A rebelião de 4 de Fevereiro de 1961, ocorrida em Luanda, tem sido olhada de modo superficial e algo tendencioso por quem sobre ela se tem debruçado. Pelo espírito independentista que a animou, tornou-se também objecto de disputa política, havendo quem reclame a sua paternidade, como é caso do MPLA, e quem a atribua a um outro agrupamento político então designado por UPA.

Neste estudo aprofundado, com sustentação em documentos irrefutáveis colhidos em importantes arquivos, procura o autor dar uma visão mais ampla e pormenorizada do que foi essa rebelião e de quem nela participou verdadeiramente. A obra inclui um prefácio do Professor Helder Adegar Fonseca, docente na Universidade de Évora, e uma extensa lista dos intervenientes na preparação e execução dos assaltos.

 

Perfil: José Manuel da Silveira Lopes

Licenciou-se em História, pela Faculdade de Letras de Lisboa, em 1969. Elaborou e apresentou então, sob a orientação do Prof. Jorge Borges de Macedo, uma dissertação sobre história medieval de Portugal. Esteve ligado a projectos de investigação, em colaboração com os Professores A. H. Oliveira Marques e Vitorino Magalhães Godinho.

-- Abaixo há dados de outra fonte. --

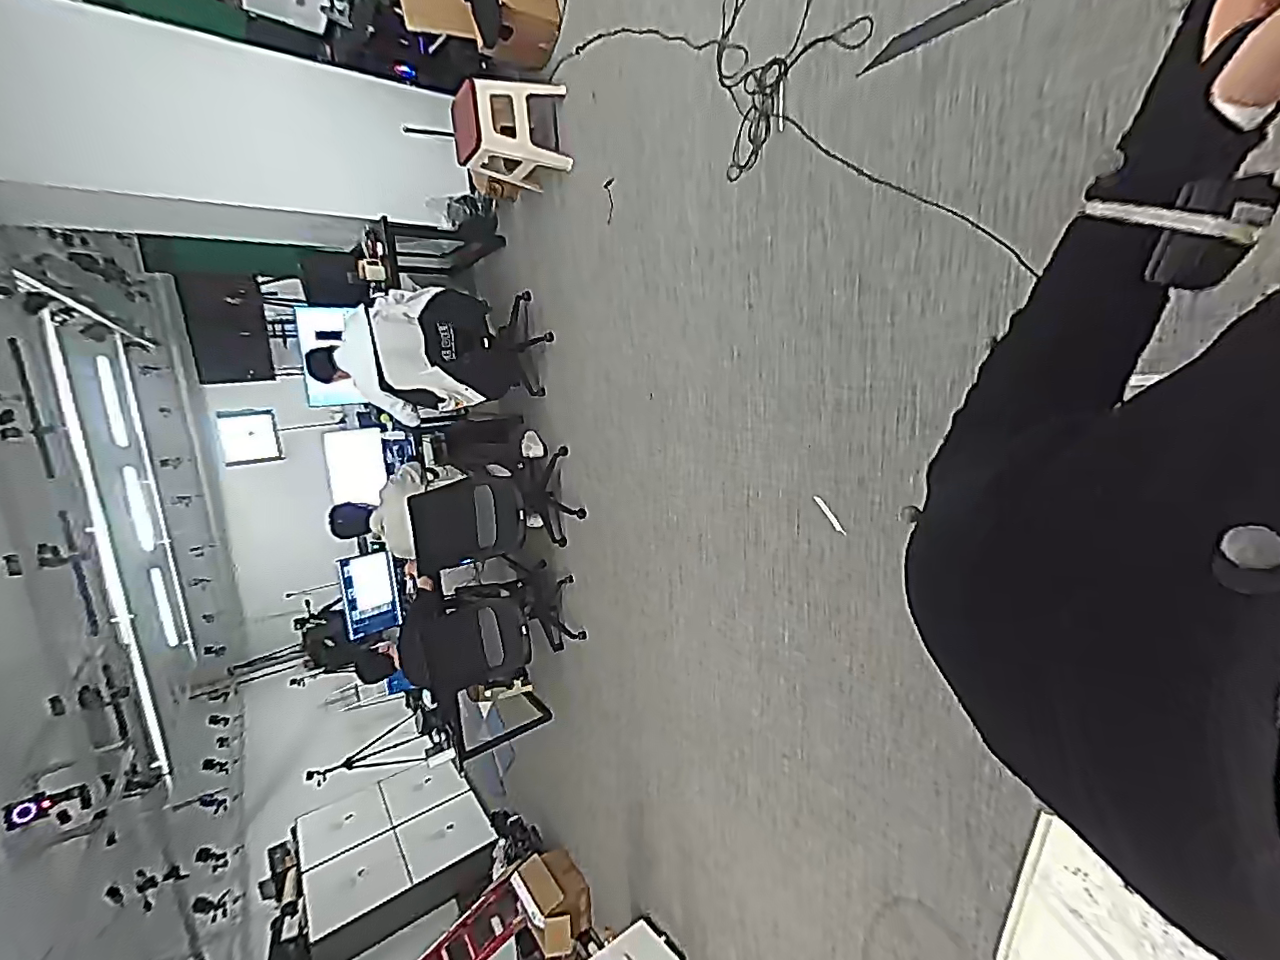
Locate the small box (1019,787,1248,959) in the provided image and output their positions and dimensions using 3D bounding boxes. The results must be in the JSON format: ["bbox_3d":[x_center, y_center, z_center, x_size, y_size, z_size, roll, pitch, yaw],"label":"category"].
[{"bbox_3d":[0.643,0.557,0.710,0.168,0.176,0.179,25,118,51],"label":"small box"}]

Recentemente, dedicou-se ao estudo e divulgação de temas da História de Angola, mormente no que diz respeito aos acontecimentos independentistas em que participaram o clero católico nativo e as missões protestantes, resultando nos livros "O Cónego Manuel das Neves – Um Nacionalista Angolano (Ensaio de Biografia Política)” e "Lutem Até Alcançarem a Liberdade”, ambos centrados na epopeia sobre a Independência de Angola.